### TASK ITEM:
Pick out the lines below that include the string "angles".

### RECORDS FOR THE TASK:
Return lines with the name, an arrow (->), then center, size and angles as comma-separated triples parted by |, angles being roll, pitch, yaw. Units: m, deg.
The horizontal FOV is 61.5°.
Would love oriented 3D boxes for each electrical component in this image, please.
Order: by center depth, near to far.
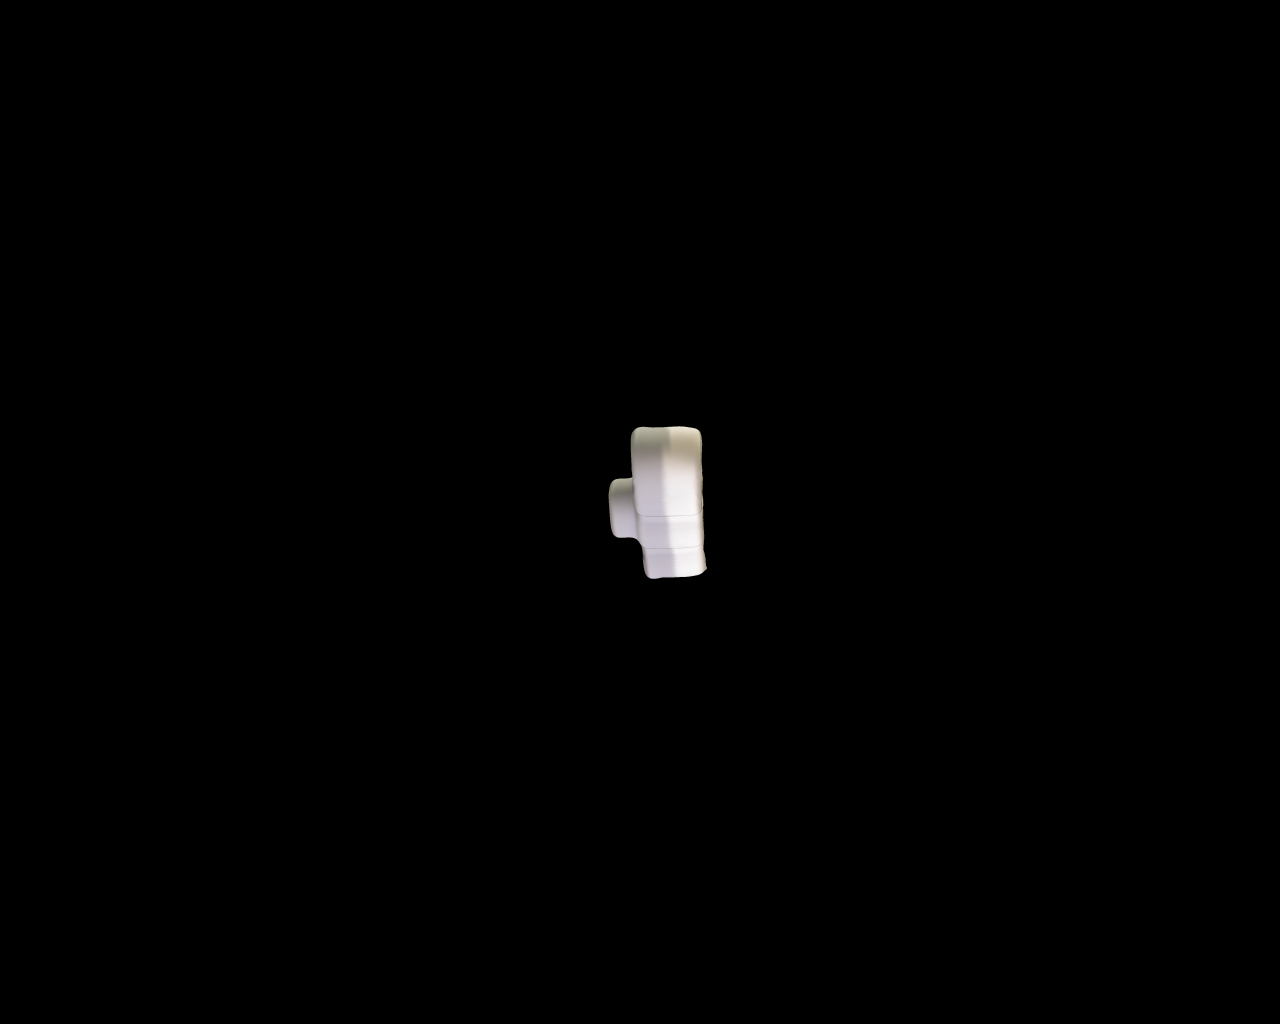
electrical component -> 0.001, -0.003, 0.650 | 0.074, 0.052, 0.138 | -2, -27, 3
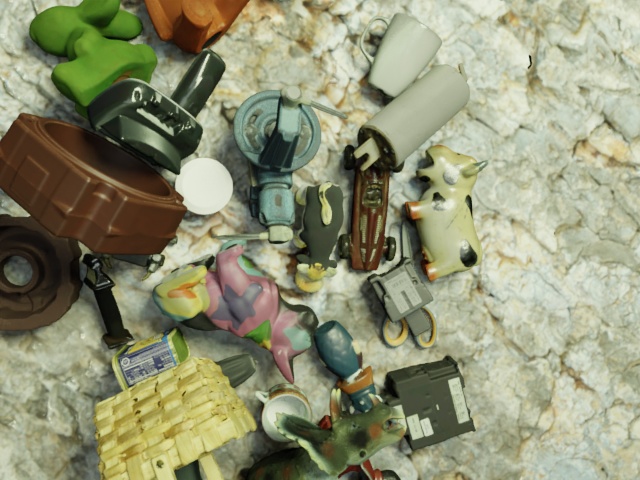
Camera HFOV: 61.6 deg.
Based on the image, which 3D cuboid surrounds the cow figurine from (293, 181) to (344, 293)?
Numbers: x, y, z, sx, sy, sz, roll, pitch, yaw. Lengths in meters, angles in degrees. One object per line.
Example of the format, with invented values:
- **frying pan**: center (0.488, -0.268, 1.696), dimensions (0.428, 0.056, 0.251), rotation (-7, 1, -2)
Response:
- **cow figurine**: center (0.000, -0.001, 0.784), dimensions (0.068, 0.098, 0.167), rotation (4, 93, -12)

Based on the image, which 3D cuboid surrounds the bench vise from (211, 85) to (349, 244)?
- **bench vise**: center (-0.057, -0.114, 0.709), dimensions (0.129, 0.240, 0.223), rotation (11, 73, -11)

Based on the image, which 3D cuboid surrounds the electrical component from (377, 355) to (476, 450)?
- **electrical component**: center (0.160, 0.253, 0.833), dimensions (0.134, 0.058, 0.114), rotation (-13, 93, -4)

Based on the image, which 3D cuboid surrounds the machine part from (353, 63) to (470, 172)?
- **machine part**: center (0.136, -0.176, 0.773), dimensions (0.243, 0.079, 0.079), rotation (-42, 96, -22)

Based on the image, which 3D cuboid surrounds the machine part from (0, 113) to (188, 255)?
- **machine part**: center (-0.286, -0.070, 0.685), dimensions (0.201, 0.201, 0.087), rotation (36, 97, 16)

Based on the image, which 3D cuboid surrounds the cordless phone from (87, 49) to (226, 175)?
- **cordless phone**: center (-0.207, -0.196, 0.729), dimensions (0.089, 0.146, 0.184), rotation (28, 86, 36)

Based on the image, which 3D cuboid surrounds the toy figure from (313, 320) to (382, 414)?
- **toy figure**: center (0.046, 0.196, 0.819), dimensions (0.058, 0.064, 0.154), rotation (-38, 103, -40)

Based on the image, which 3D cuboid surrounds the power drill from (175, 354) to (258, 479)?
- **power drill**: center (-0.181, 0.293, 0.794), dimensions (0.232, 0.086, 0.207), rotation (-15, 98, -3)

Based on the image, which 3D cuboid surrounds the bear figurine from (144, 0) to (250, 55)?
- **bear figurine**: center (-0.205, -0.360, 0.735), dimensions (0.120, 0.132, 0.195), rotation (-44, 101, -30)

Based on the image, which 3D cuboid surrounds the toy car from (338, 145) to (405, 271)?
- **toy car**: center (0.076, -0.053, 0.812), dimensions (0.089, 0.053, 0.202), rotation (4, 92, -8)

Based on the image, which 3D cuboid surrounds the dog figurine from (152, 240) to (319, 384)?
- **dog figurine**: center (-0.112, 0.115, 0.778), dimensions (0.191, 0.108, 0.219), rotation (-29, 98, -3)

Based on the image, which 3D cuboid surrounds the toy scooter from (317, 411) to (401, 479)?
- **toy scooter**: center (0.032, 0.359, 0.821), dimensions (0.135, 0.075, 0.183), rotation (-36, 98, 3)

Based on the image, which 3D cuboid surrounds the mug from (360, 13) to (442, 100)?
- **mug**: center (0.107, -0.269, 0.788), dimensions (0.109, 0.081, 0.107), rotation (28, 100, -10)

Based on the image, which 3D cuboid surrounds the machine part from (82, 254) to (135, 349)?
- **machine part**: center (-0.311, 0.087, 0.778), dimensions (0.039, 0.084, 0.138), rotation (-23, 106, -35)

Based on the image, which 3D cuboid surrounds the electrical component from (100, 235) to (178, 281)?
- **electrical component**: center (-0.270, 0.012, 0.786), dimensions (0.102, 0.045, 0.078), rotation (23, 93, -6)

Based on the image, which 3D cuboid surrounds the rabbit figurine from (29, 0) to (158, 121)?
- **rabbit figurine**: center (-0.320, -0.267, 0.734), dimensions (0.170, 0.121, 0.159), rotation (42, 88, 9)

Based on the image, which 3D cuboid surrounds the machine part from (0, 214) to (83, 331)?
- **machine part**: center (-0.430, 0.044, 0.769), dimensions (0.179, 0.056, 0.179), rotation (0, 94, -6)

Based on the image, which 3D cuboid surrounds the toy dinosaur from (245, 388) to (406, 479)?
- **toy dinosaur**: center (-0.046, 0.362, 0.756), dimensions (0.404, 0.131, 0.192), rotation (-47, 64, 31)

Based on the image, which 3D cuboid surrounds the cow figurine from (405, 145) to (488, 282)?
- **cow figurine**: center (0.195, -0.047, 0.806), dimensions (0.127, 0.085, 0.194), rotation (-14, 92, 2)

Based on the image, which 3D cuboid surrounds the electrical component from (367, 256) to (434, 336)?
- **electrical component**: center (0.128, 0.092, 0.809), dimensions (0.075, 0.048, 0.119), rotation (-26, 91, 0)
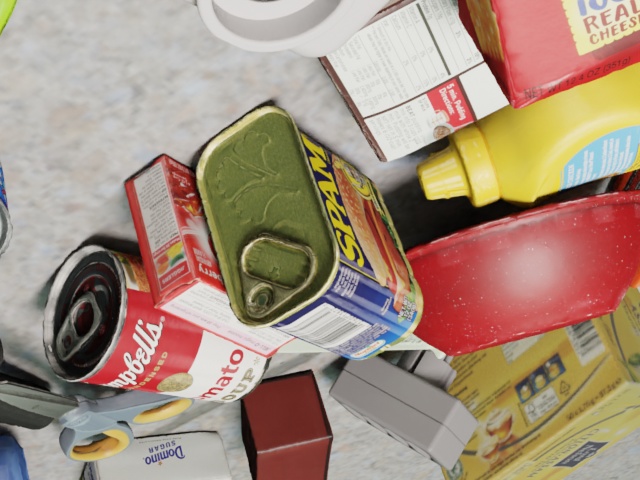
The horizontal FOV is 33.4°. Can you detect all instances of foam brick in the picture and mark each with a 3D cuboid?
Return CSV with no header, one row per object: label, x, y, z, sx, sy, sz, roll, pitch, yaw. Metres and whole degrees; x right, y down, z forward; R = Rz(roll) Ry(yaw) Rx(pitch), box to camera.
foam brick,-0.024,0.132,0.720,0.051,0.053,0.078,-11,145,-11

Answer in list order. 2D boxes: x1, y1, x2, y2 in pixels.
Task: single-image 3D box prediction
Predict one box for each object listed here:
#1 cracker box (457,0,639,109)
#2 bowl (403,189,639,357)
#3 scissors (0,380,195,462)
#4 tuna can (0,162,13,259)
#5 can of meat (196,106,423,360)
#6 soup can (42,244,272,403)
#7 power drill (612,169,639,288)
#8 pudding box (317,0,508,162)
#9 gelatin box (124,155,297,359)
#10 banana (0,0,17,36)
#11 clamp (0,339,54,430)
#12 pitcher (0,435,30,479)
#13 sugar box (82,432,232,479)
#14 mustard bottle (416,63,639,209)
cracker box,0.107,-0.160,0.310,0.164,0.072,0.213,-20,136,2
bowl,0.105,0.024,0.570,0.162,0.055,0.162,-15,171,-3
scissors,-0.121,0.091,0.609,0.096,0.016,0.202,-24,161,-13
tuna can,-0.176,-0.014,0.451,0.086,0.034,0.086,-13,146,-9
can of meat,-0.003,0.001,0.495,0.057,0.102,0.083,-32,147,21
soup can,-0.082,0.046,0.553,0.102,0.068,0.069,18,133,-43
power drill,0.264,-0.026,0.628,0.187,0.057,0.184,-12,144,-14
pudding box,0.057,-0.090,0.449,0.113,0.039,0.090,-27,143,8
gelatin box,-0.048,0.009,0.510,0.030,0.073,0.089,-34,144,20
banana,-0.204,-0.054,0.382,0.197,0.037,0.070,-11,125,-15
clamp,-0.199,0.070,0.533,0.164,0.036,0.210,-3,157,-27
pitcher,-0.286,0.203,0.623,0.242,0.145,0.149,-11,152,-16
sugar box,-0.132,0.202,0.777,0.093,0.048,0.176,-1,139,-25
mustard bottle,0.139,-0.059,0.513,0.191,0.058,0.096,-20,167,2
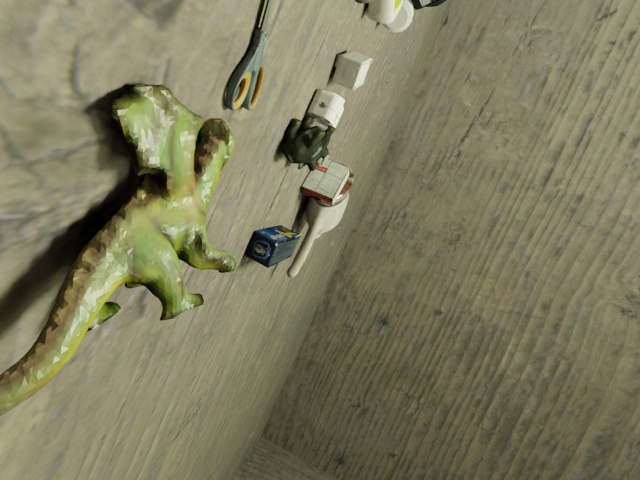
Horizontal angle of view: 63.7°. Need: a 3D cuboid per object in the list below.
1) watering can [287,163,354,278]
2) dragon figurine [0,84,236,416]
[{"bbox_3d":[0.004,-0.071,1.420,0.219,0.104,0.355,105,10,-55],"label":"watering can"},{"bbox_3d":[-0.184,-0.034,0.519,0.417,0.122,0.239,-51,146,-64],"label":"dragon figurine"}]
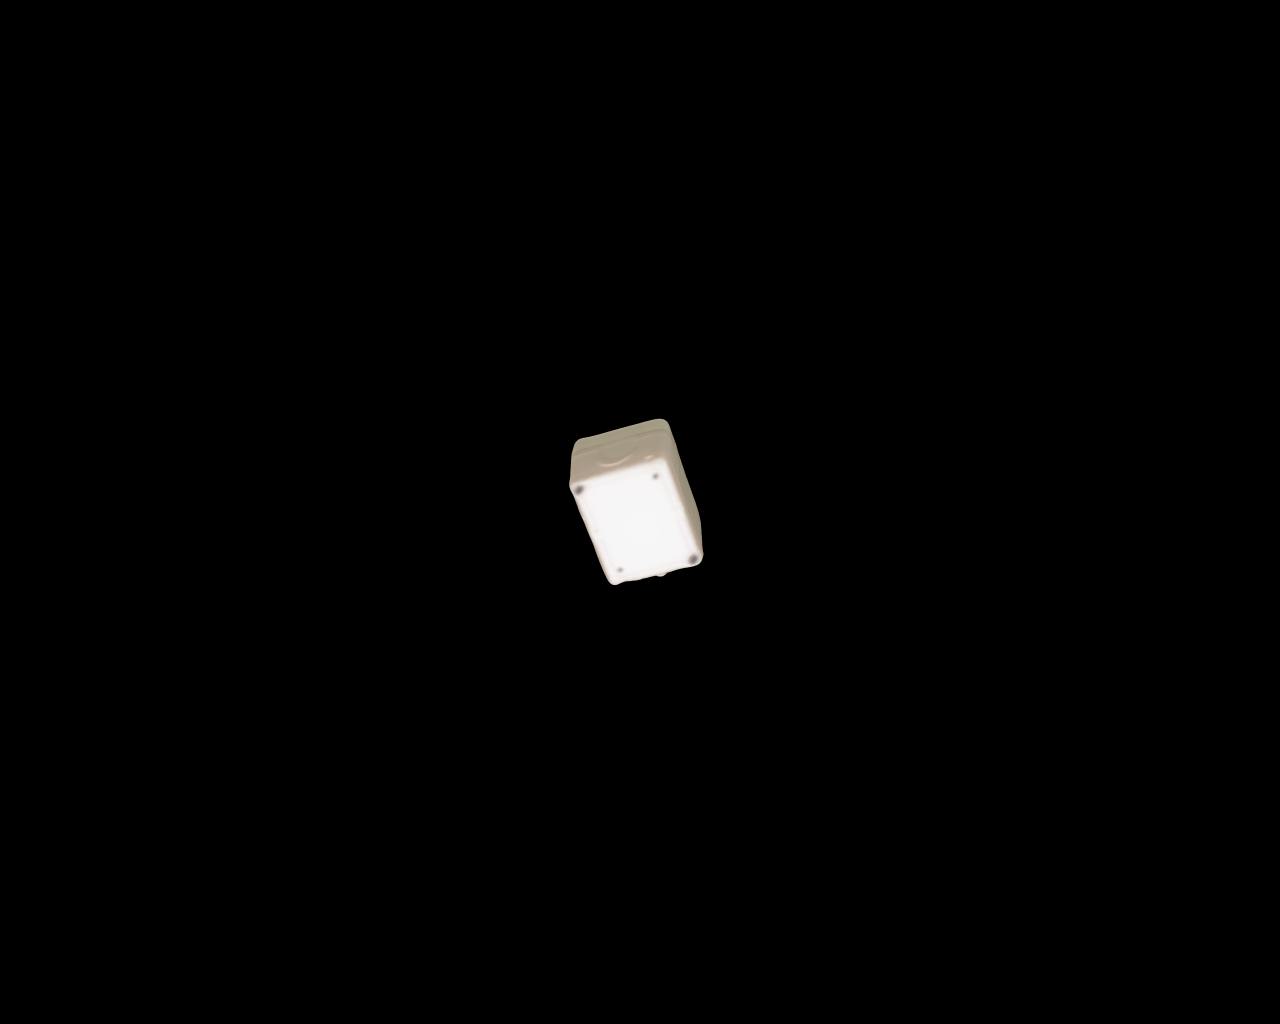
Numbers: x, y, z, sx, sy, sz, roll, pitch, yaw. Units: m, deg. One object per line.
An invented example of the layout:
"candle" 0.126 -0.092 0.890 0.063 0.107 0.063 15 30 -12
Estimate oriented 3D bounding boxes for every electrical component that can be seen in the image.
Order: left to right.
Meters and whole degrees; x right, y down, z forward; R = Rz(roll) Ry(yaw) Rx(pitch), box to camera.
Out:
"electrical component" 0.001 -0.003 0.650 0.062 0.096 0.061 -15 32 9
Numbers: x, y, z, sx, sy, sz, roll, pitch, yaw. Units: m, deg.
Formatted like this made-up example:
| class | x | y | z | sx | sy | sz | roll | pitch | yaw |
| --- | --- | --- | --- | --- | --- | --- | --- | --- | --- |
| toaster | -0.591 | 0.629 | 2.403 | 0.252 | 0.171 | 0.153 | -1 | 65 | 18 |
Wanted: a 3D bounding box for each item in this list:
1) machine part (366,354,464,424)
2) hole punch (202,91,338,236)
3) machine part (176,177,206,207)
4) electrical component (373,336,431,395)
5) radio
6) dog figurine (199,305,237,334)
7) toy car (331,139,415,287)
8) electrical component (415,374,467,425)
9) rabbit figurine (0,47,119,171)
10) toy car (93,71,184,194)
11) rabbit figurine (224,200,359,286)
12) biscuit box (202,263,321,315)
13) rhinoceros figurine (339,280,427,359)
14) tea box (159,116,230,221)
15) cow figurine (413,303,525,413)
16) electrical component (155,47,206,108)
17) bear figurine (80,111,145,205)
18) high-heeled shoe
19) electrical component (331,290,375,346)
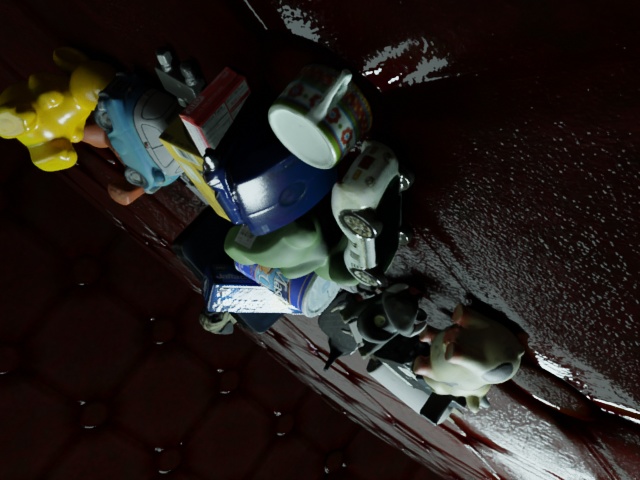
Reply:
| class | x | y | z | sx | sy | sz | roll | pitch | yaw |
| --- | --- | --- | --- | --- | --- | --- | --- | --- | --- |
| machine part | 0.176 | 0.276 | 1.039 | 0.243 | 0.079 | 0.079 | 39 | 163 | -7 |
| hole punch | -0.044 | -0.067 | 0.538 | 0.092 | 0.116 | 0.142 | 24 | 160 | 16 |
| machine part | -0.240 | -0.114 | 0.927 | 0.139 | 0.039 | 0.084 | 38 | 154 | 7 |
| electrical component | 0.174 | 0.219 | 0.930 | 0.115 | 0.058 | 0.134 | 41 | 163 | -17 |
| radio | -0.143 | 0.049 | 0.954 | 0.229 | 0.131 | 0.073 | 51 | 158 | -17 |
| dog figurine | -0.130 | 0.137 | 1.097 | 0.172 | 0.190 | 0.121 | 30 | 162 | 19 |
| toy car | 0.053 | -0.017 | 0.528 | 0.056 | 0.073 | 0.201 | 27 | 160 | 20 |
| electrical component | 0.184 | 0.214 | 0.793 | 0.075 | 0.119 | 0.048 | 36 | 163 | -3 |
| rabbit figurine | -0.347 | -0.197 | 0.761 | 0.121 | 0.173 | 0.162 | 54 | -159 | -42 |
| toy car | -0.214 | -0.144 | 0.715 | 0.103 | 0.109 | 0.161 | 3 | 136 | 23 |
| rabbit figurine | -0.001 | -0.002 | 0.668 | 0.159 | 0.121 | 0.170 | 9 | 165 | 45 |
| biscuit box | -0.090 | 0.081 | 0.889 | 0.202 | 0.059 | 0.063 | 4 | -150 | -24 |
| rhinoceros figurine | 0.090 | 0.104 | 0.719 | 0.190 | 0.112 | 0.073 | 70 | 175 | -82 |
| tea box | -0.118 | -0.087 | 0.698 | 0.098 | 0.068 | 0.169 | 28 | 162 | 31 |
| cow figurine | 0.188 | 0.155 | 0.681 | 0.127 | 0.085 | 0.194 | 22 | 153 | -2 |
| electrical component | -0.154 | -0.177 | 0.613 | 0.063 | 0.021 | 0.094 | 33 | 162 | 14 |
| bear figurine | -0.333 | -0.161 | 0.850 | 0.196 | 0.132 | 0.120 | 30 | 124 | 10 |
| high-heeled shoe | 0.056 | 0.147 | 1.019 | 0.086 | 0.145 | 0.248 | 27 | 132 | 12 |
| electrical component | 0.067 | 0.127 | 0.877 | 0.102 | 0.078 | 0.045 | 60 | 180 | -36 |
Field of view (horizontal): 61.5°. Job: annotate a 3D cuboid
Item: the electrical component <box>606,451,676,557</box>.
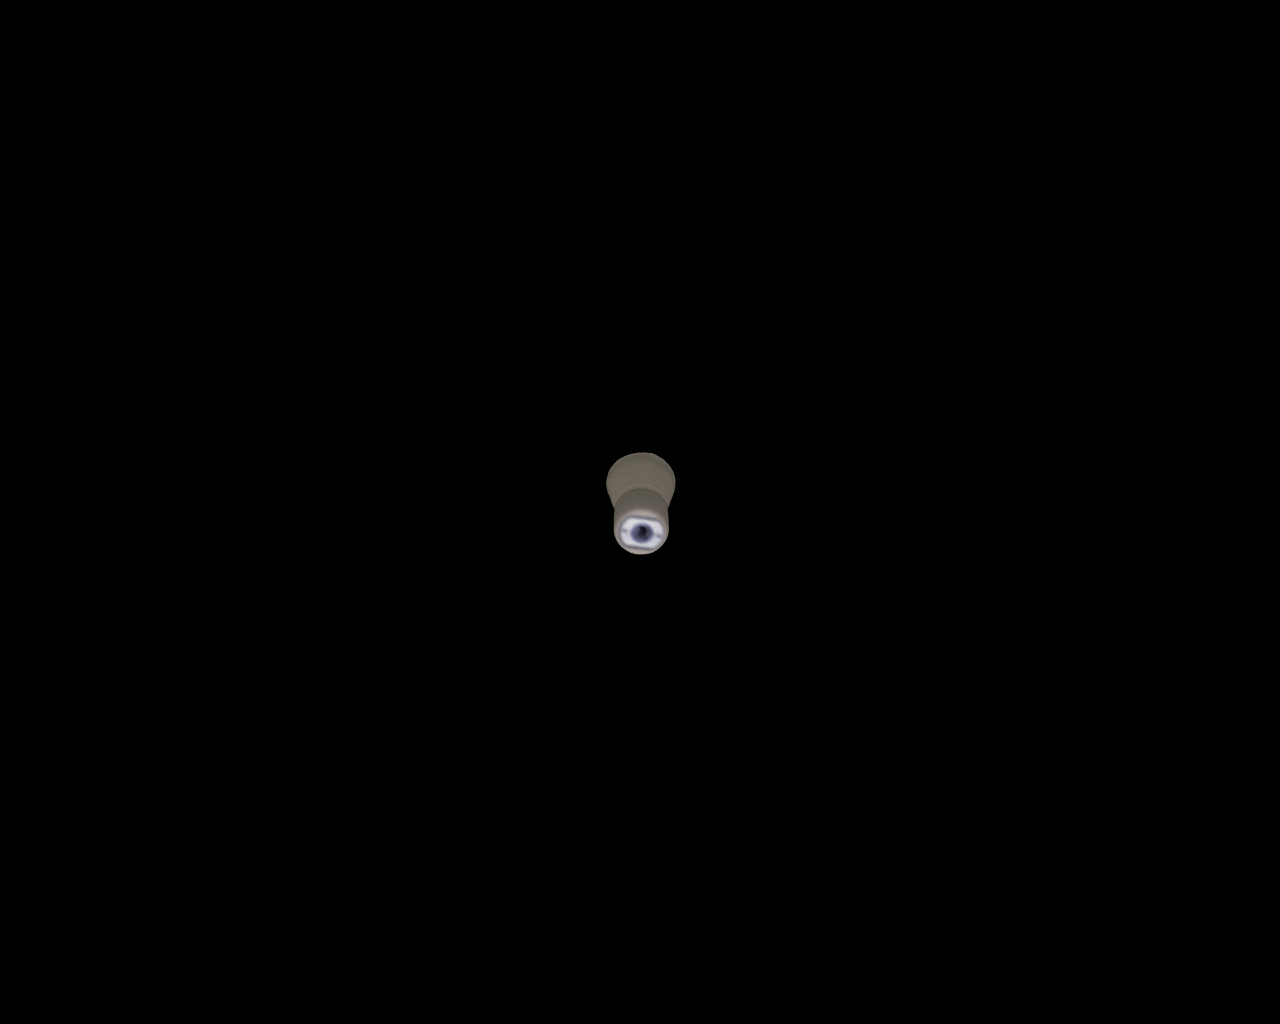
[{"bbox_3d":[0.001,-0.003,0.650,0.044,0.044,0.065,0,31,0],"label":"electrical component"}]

### RESULT BELOW:
Return lines with the name, an arrow (->), then center, size and angles as comma-separated triples parted by |, angles being roll, pitch, yaw. Units: m, deg.
Numbers: x, y, z, sx, sy, sz, roll, pitch, yaw. Lengths in meters, angles in degrees. One object per line.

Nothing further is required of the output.